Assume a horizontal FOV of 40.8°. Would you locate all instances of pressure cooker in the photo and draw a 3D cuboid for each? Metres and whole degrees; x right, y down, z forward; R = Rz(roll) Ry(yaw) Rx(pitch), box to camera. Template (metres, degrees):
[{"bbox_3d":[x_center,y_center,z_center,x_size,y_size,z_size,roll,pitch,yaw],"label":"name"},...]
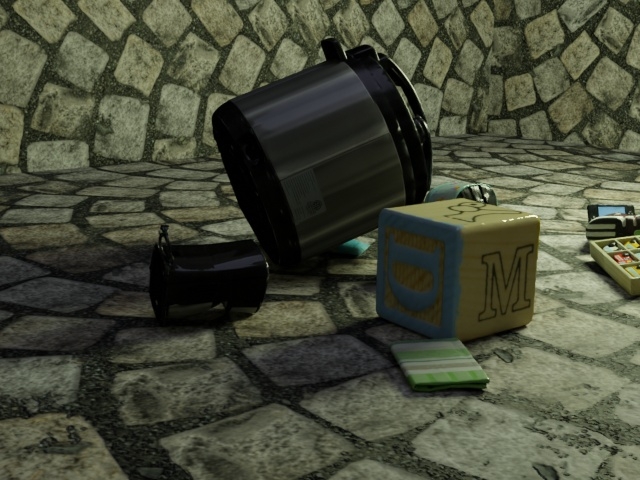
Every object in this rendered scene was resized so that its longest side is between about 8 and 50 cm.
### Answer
[{"bbox_3d":[0.030,-0.175,1.768,0.420,0.370,0.375,-25,62,-10],"label":"pressure cooker"}]

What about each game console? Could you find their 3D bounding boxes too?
[{"bbox_3d":[0.731,-0.048,2.122,0.122,0.107,0.071,1,-15,-5],"label":"game console"}]

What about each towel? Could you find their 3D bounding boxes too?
[{"bbox_3d":[0.167,0.180,1.235,0.113,0.023,0.152,-3,16,-7],"label":"towel"}]

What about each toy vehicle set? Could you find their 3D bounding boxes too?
[{"bbox_3d":[0.664,0.043,1.736,0.166,0.035,0.267,-8,15,2],"label":"toy vehicle set"}]

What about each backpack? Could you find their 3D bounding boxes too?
[{"bbox_3d":[0.275,-0.025,1.725,0.165,0.188,0.144,-10,18,-38],"label":"backpack"}]

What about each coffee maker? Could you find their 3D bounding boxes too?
[{"bbox_3d":[-0.178,0.055,1.407,0.178,0.120,0.171,-6,-29,-24],"label":"coffee maker"}]

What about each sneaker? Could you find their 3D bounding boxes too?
[{"bbox_3d":[0.757,-0.030,1.982,0.281,0.106,0.162,5,11,15],"label":"sneaker"}]

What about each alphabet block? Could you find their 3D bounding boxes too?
[{"bbox_3d":[0.225,0.044,1.429,0.197,0.193,0.192,-9,18,-36],"label":"alphabet block"}]

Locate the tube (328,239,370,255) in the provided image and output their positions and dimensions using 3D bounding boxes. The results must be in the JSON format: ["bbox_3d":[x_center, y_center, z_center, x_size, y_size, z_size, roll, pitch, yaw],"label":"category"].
[{"bbox_3d":[0.000,0.000,1.901,0.207,0.052,0.080,12,25,17],"label":"tube"}]
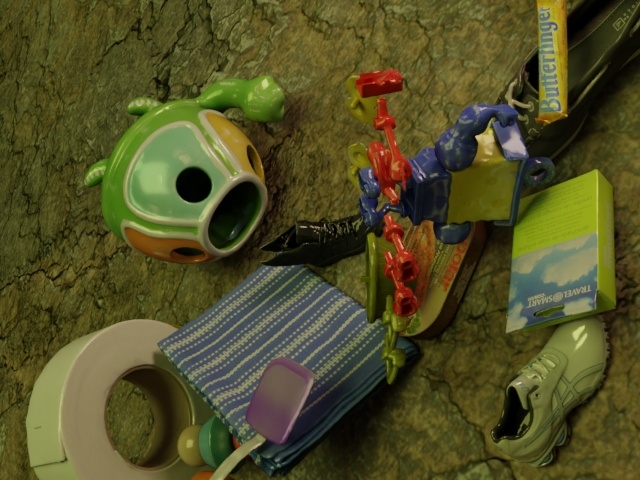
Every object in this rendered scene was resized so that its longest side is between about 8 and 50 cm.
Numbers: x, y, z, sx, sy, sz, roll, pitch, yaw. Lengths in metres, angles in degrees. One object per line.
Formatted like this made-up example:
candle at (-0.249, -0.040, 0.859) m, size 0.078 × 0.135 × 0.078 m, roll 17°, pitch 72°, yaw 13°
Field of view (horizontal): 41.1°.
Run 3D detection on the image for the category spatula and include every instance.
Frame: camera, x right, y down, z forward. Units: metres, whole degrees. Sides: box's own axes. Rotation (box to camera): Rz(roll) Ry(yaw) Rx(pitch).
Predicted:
spatula at (-0.107, 0.267, 0.981) m, size 0.084 × 0.030 × 0.296 m, roll 23°, pitch 72°, yaw 45°

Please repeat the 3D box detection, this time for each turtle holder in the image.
turtle holder at (-0.185, -0.102, 1.367) m, size 0.227 × 0.243 × 0.320 m, roll 29°, pitch 56°, yaw 35°

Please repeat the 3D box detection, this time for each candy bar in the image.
candy bar at (0.251, -0.199, 0.923) m, size 0.040 × 0.018 × 0.162 m, roll -11°, pitch 71°, yaw 48°

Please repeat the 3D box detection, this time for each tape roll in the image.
tape roll at (-0.272, 0.261, 1.231) m, size 0.100 × 0.286 × 0.286 m, roll -20°, pitch 59°, yaw 42°

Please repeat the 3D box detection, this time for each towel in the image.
towel at (-0.056, 0.144, 1.139) m, size 0.243 × 0.040 × 0.336 m, roll -38°, pitch 39°, yaw -16°

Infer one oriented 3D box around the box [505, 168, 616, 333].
box at (0.254, 0.019, 0.901) m, size 0.109 × 0.042 × 0.178 m, roll -23°, pitch 41°, yaw 40°

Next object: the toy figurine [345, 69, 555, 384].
toy figurine at (0.157, -0.023, 0.926) m, size 0.363 × 0.217 × 0.191 m, roll 86°, pitch 169°, yaw -46°

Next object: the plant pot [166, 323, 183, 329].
plant pot at (-0.265, 0.184, 1.420) m, size 0.081 × 0.081 × 0.083 m, roll 2°, pitch 87°, yaw 49°

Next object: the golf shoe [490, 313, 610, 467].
golf shoe at (0.233, 0.146, 0.872) m, size 0.069 × 0.086 × 0.176 m, roll 22°, pitch 89°, yaw 52°

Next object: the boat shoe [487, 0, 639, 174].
boat shoe at (0.281, -0.204, 0.960) m, size 0.335 × 0.095 × 0.112 m, roll -47°, pitch 45°, yaw 24°

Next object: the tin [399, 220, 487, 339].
tin at (0.141, 0.033, 1.061) m, size 0.106 × 0.040 × 0.190 m, roll 28°, pitch 94°, yaw 54°

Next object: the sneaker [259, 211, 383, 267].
sneaker at (0.000, -0.002, 1.192) m, size 0.170 × 0.089 × 0.051 m, roll -30°, pitch 53°, yaw 37°

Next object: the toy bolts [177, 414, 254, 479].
toy bolts at (-0.147, 0.329, 1.129) m, size 0.158 × 0.218 × 0.229 m, roll -15°, pitch 55°, yaw 29°

┄┄┄┄┄┄┄┄┄┄

### Task instructions
Word for word, please reproduce each entry above and leave out every picture.

### Task result
Assume a horizontal FOV of 40.8°. Would you locate all instances of pressure cooker in the photo and draw a 3D cuboid for each? Metres and whole degrees; x right, y down, z forward; R = Rz(roll) Ry(yaw) Rx(pitch), box to camera. Template (metres, degrees):
[{"bbox_3d":[x_center,y_center,z_center,x_size,y_size,z_size,roll,pitch,yaw],"label":"name"},...]
Every object in this rendered scene was resized so that its longest side is between about 8 and 50 cm.
### Answer
[{"bbox_3d":[0.030,-0.175,1.768,0.420,0.370,0.375,-25,62,-10],"label":"pressure cooker"}]

What about each game console? Could you find their 3D bounding boxes too?
[{"bbox_3d":[0.731,-0.048,2.122,0.122,0.107,0.071,1,-15,-5],"label":"game console"}]

What about each towel? Could you find their 3D bounding boxes too?
[{"bbox_3d":[0.167,0.180,1.235,0.113,0.023,0.152,-3,16,-7],"label":"towel"}]

What about each toy vehicle set? Could you find their 3D bounding boxes too?
[{"bbox_3d":[0.664,0.043,1.736,0.166,0.035,0.267,-8,15,2],"label":"toy vehicle set"}]

What about each backpack? Could you find their 3D bounding boxes too?
[{"bbox_3d":[0.275,-0.025,1.725,0.165,0.188,0.144,-10,18,-38],"label":"backpack"}]

What about each coffee maker? Could you find their 3D bounding boxes too?
[{"bbox_3d":[-0.178,0.055,1.407,0.178,0.120,0.171,-6,-29,-24],"label":"coffee maker"}]

What about each sneaker? Could you find their 3D bounding boxes too?
[{"bbox_3d":[0.757,-0.030,1.982,0.281,0.106,0.162,5,11,15],"label":"sneaker"}]

What about each alphabet block? Could you find their 3D bounding boxes too?
[{"bbox_3d":[0.225,0.044,1.429,0.197,0.193,0.192,-9,18,-36],"label":"alphabet block"}]

Locate the tube (328,239,370,255) in the provided image and output their positions and dimensions using 3D bounding boxes. The results must be in the JSON format: ["bbox_3d":[x_center, y_center, z_center, x_size, y_size, z_size, roll, pitch, yaw],"label":"category"].
[{"bbox_3d":[0.000,0.000,1.901,0.207,0.052,0.080,12,25,17],"label":"tube"}]
Every object in this rendered scene was resized so that its longest side is between about 8 and 50 cm.
Numbers: x, y, z, sx, sy, sz, roll, pitch, yaw. Lengths in metres, angles in degrees. One object per line.
Formatted like this made-up example:
candle at (-0.249, -0.040, 0.859) m, size 0.078 × 0.135 × 0.078 m, roll 17°, pitch 72°, yaw 13°
Field of view (horizontal): 41.1°.
Run 3D detection on the image for the category spatula and include every instance.
Frame: camera, x right, y down, z forward. Units: metres, whole degrees. Sides: box's own axes. Rotation (box to camera): Rz(roll) Ry(yaw) Rx(pitch).
Predicted:
spatula at (-0.107, 0.267, 0.981) m, size 0.084 × 0.030 × 0.296 m, roll 23°, pitch 72°, yaw 45°

Please repeat the 3D box detection, this time for each turtle holder in the image.
turtle holder at (-0.185, -0.102, 1.367) m, size 0.227 × 0.243 × 0.320 m, roll 29°, pitch 56°, yaw 35°

Please repeat the 3D box detection, this time for each candy bar in the image.
candy bar at (0.251, -0.199, 0.923) m, size 0.040 × 0.018 × 0.162 m, roll -11°, pitch 71°, yaw 48°

Please repeat the 3D box detection, this time for each tape roll in the image.
tape roll at (-0.272, 0.261, 1.231) m, size 0.100 × 0.286 × 0.286 m, roll -20°, pitch 59°, yaw 42°

Please repeat the 3D box detection, this time for each towel in the image.
towel at (-0.056, 0.144, 1.139) m, size 0.243 × 0.040 × 0.336 m, roll -38°, pitch 39°, yaw -16°

Infer one oriented 3D box around the box [505, 168, 616, 333].
box at (0.254, 0.019, 0.901) m, size 0.109 × 0.042 × 0.178 m, roll -23°, pitch 41°, yaw 40°

Next object: the toy figurine [345, 69, 555, 384].
toy figurine at (0.157, -0.023, 0.926) m, size 0.363 × 0.217 × 0.191 m, roll 86°, pitch 169°, yaw -46°

Next object: the plant pot [166, 323, 183, 329].
plant pot at (-0.265, 0.184, 1.420) m, size 0.081 × 0.081 × 0.083 m, roll 2°, pitch 87°, yaw 49°

Next object: the golf shoe [490, 313, 610, 467].
golf shoe at (0.233, 0.146, 0.872) m, size 0.069 × 0.086 × 0.176 m, roll 22°, pitch 89°, yaw 52°

Next object: the boat shoe [487, 0, 639, 174].
boat shoe at (0.281, -0.204, 0.960) m, size 0.335 × 0.095 × 0.112 m, roll -47°, pitch 45°, yaw 24°

Next object: the tin [399, 220, 487, 339].
tin at (0.141, 0.033, 1.061) m, size 0.106 × 0.040 × 0.190 m, roll 28°, pitch 94°, yaw 54°

Next object: the sneaker [259, 211, 383, 267].
sneaker at (0.000, -0.002, 1.192) m, size 0.170 × 0.089 × 0.051 m, roll -30°, pitch 53°, yaw 37°

Next object: the toy bolts [177, 414, 254, 479].
toy bolts at (-0.147, 0.329, 1.129) m, size 0.158 × 0.218 × 0.229 m, roll -15°, pitch 55°, yaw 29°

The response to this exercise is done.